_ASSIGNMENT:_
Omitting the pictures, output all of the records precisely as written.

[Recorded data]
******

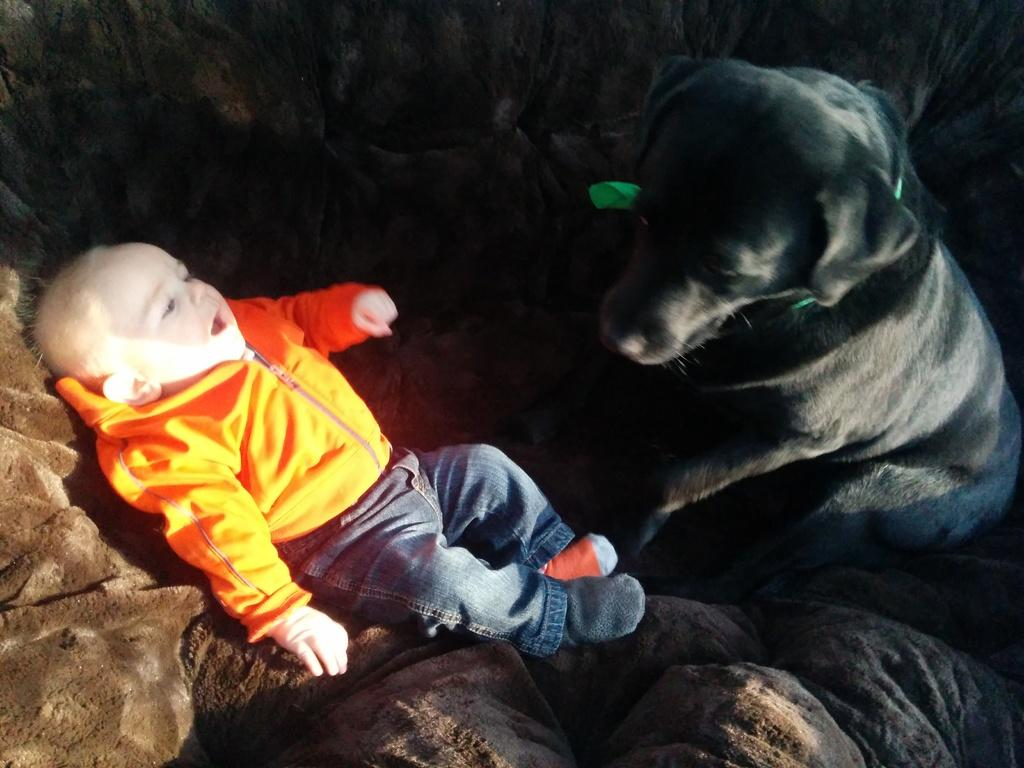Who is the main subject in the image? There is a boy in the image. What is the boy wearing? The boy is wearing a jacket and socks on his feet. What is the boy doing in the image? The boy is sleeping on the floor. Is there any animal present in the image? Yes, there is a black color dog beside the boy. What is the color of the background in the image? The background of the image is dark. What type of club can be seen in the boy's hand in the image? There is no club present in the image; the boy is sleeping and not holding any objects. 
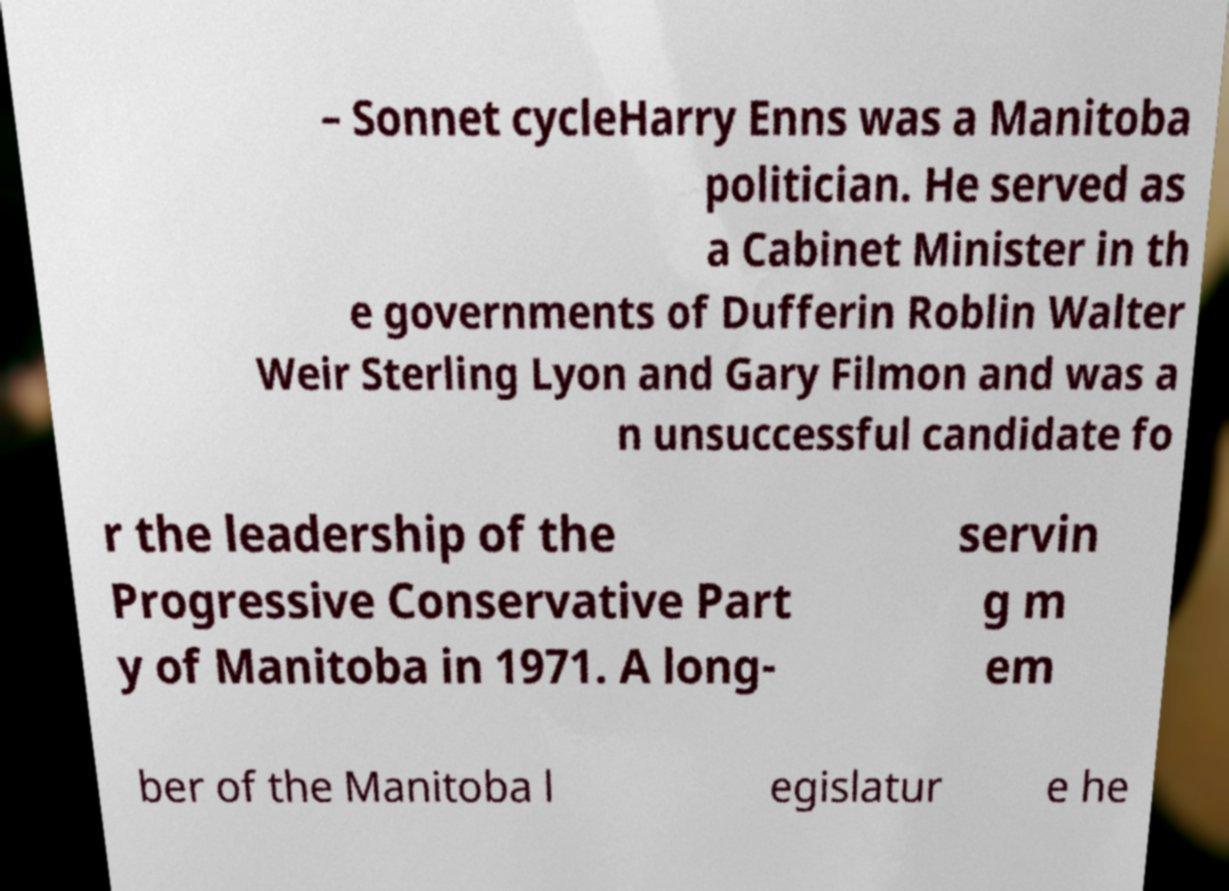Please read and relay the text visible in this image. What does it say? – Sonnet cycleHarry Enns was a Manitoba politician. He served as a Cabinet Minister in th e governments of Dufferin Roblin Walter Weir Sterling Lyon and Gary Filmon and was a n unsuccessful candidate fo r the leadership of the Progressive Conservative Part y of Manitoba in 1971. A long- servin g m em ber of the Manitoba l egislatur e he 
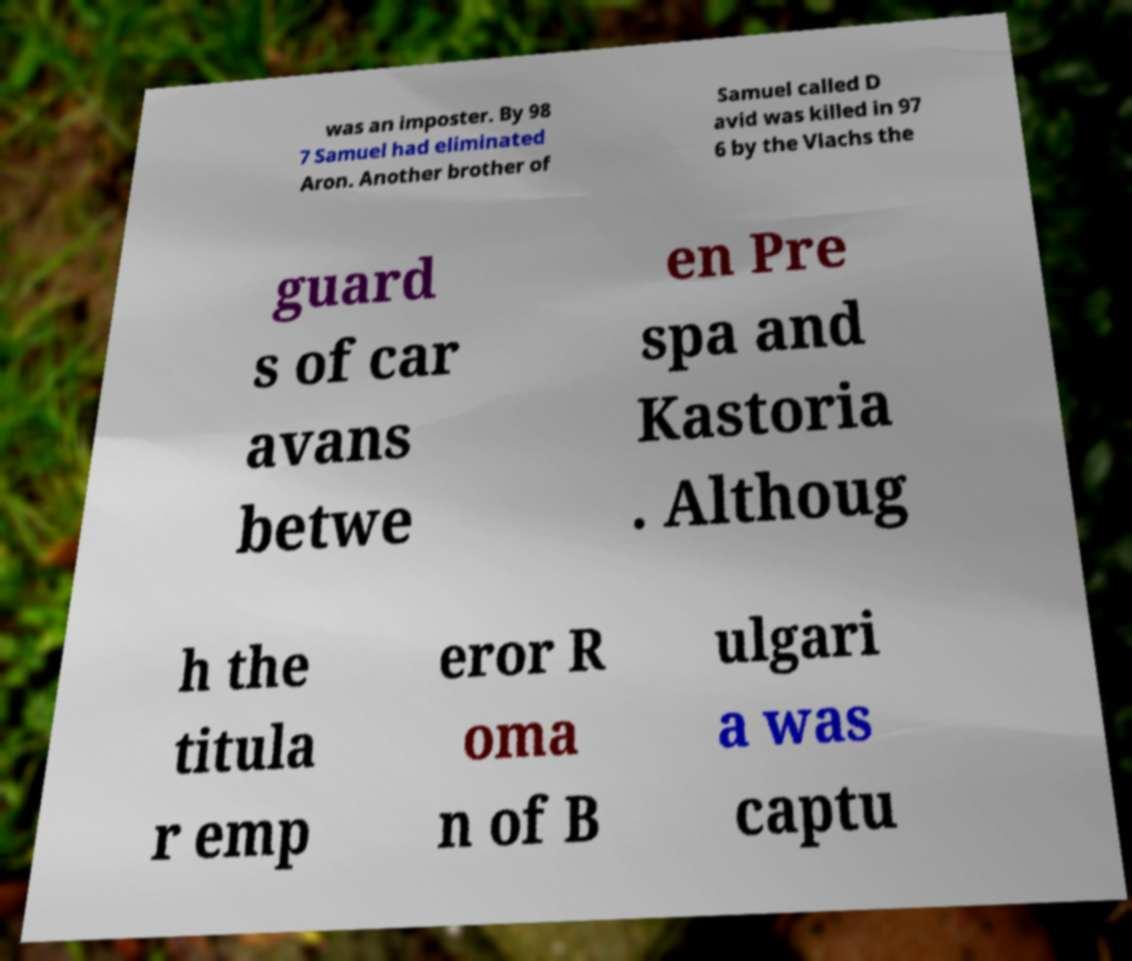I need the written content from this picture converted into text. Can you do that? was an imposter. By 98 7 Samuel had eliminated Aron. Another brother of Samuel called D avid was killed in 97 6 by the Vlachs the guard s of car avans betwe en Pre spa and Kastoria . Althoug h the titula r emp eror R oma n of B ulgari a was captu 
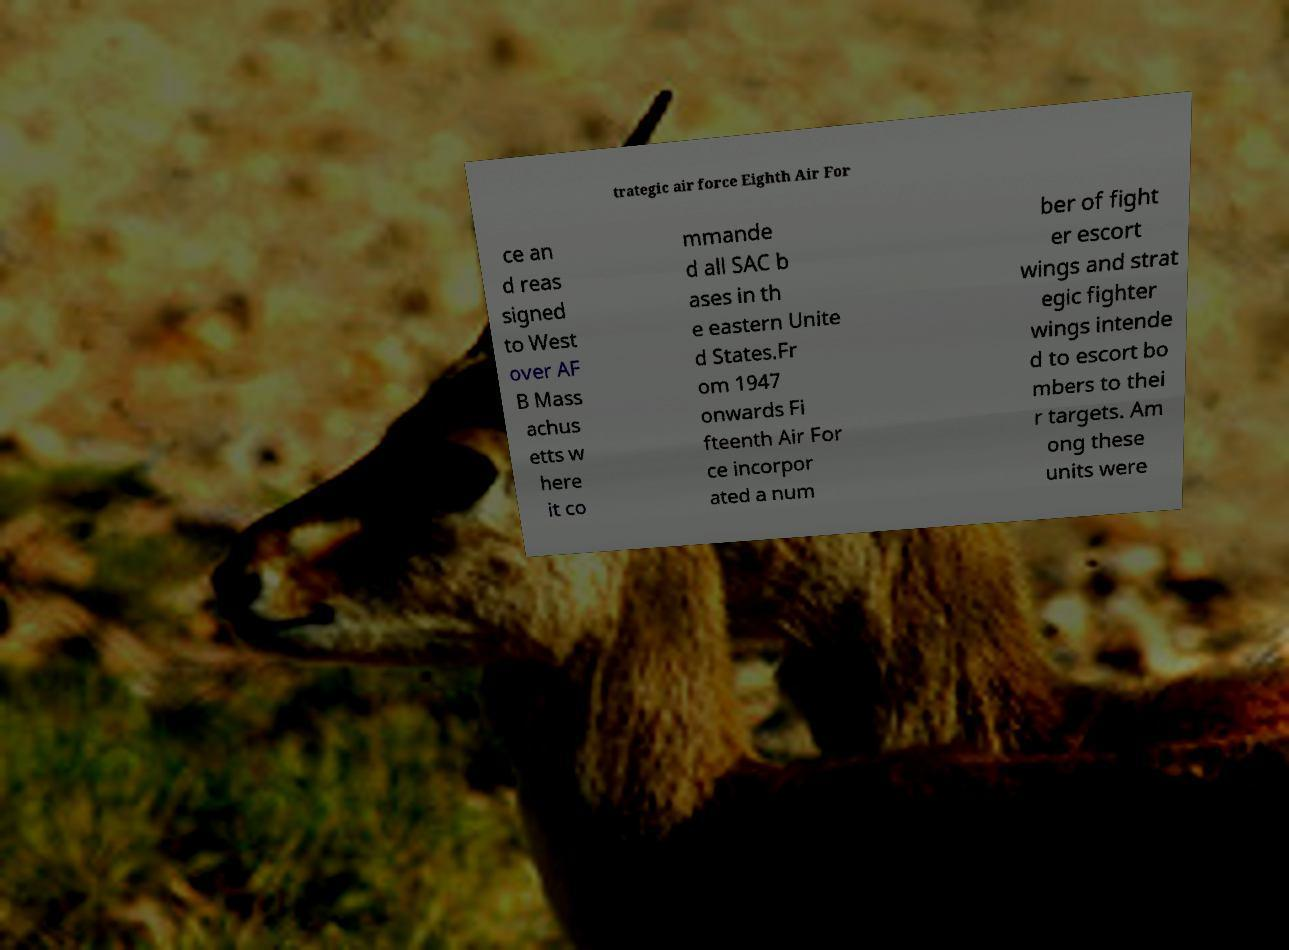Could you extract and type out the text from this image? trategic air force Eighth Air For ce an d reas signed to West over AF B Mass achus etts w here it co mmande d all SAC b ases in th e eastern Unite d States.Fr om 1947 onwards Fi fteenth Air For ce incorpor ated a num ber of fight er escort wings and strat egic fighter wings intende d to escort bo mbers to thei r targets. Am ong these units were 
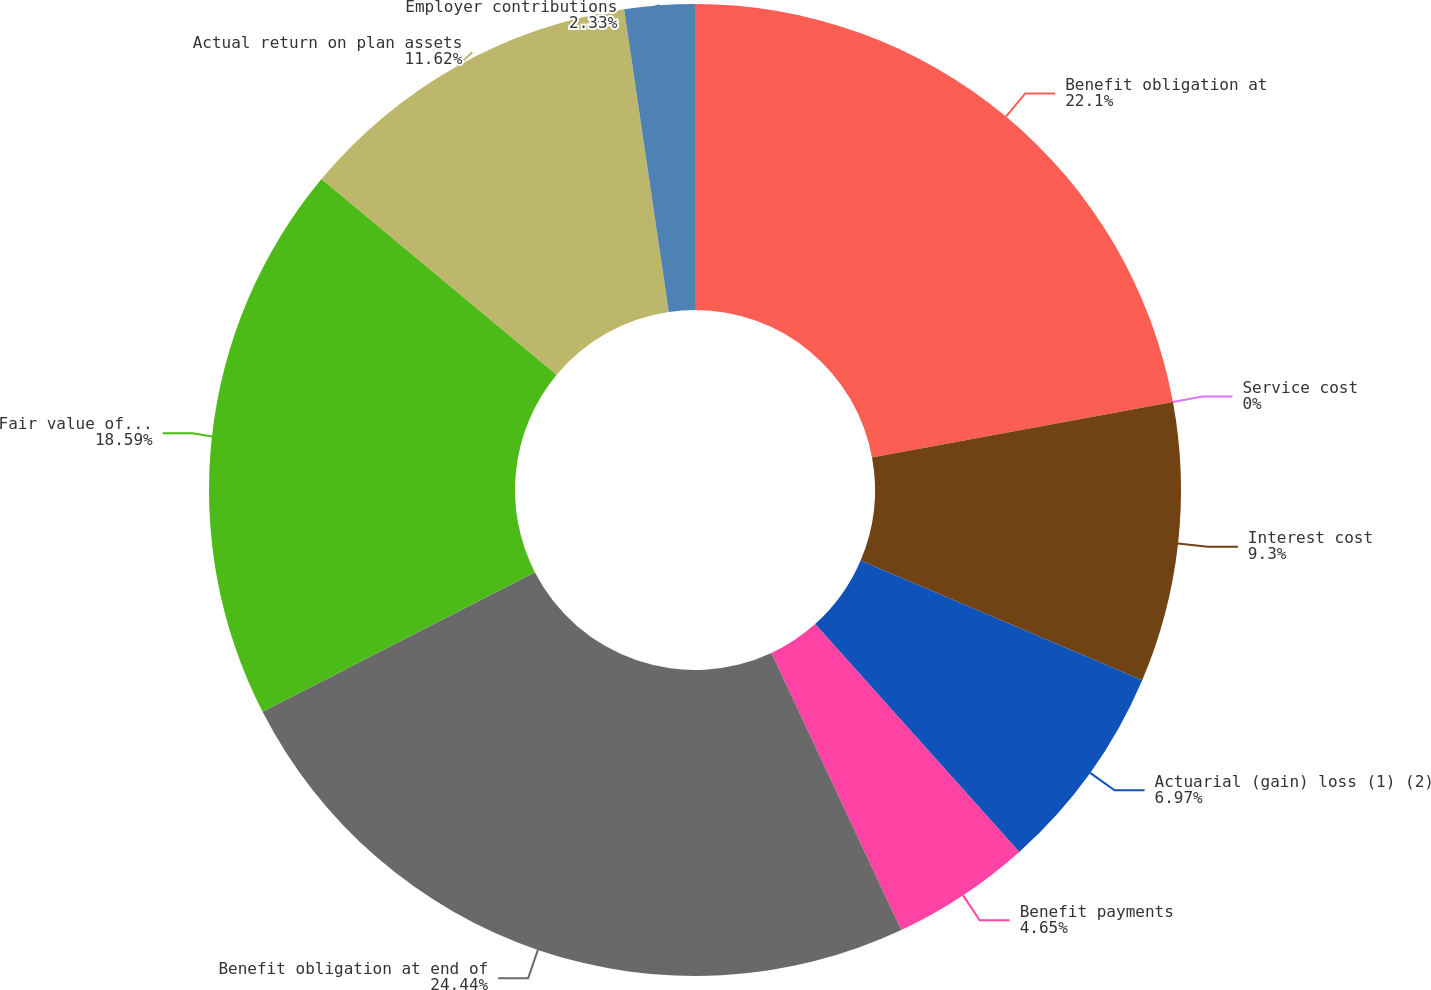Convert chart to OTSL. <chart><loc_0><loc_0><loc_500><loc_500><pie_chart><fcel>Benefit obligation at<fcel>Service cost<fcel>Interest cost<fcel>Actuarial (gain) loss (1) (2)<fcel>Benefit payments<fcel>Benefit obligation at end of<fcel>Fair value of plan assets at<fcel>Actual return on plan assets<fcel>Employer contributions<nl><fcel>22.1%<fcel>0.0%<fcel>9.3%<fcel>6.97%<fcel>4.65%<fcel>24.43%<fcel>18.59%<fcel>11.62%<fcel>2.33%<nl></chart>

******

_SOLUTION TO THE EXERCISE:_
Who is the main subject in the image? There is a boy in the image. What is the boy wearing? The boy is wearing a jacket and socks on his feet. What is the boy doing in the image? The boy is sleeping on the floor. Is there any animal present in the image? Yes, there is a black color dog beside the boy. What is the color of the background in the image? The background of the image is dark. What type of club can be seen in the boy's hand in the image? There is no club present in the image; the boy is sleeping and not holding any objects. 
Please read and relay the text visible in this image. What does it say? – Sonnet cycleHarry Enns was a Manitoba politician. He served as a Cabinet Minister in th e governments of Dufferin Roblin Walter Weir Sterling Lyon and Gary Filmon and was a n unsuccessful candidate fo r the leadership of the Progressive Conservative Part y of Manitoba in 1971. A long- servin g m em ber of the Manitoba l egislatur e he 
I need the written content from this picture converted into text. Can you do that? was an imposter. By 98 7 Samuel had eliminated Aron. Another brother of Samuel called D avid was killed in 97 6 by the Vlachs the guard s of car avans betwe en Pre spa and Kastoria . Althoug h the titula r emp eror R oma n of B ulgari a was captu 
Could you extract and type out the text from this image? trategic air force Eighth Air For ce an d reas signed to West over AF B Mass achus etts w here it co mmande d all SAC b ases in th e eastern Unite d States.Fr om 1947 onwards Fi fteenth Air For ce incorpor ated a num ber of fight er escort wings and strat egic fighter wings intende d to escort bo mbers to thei r targets. Am ong these units were 
Convert chart to OTSL. <chart><loc_0><loc_0><loc_500><loc_500><pie_chart><fcel>Benefit obligation at<fcel>Service cost<fcel>Interest cost<fcel>Actuarial (gain) loss (1) (2)<fcel>Benefit payments<fcel>Benefit obligation at end of<fcel>Fair value of plan assets at<fcel>Actual return on plan assets<fcel>Employer contributions<nl><fcel>22.1%<fcel>0.0%<fcel>9.3%<fcel>6.97%<fcel>4.65%<fcel>24.43%<fcel>18.59%<fcel>11.62%<fcel>2.33%<nl></chart>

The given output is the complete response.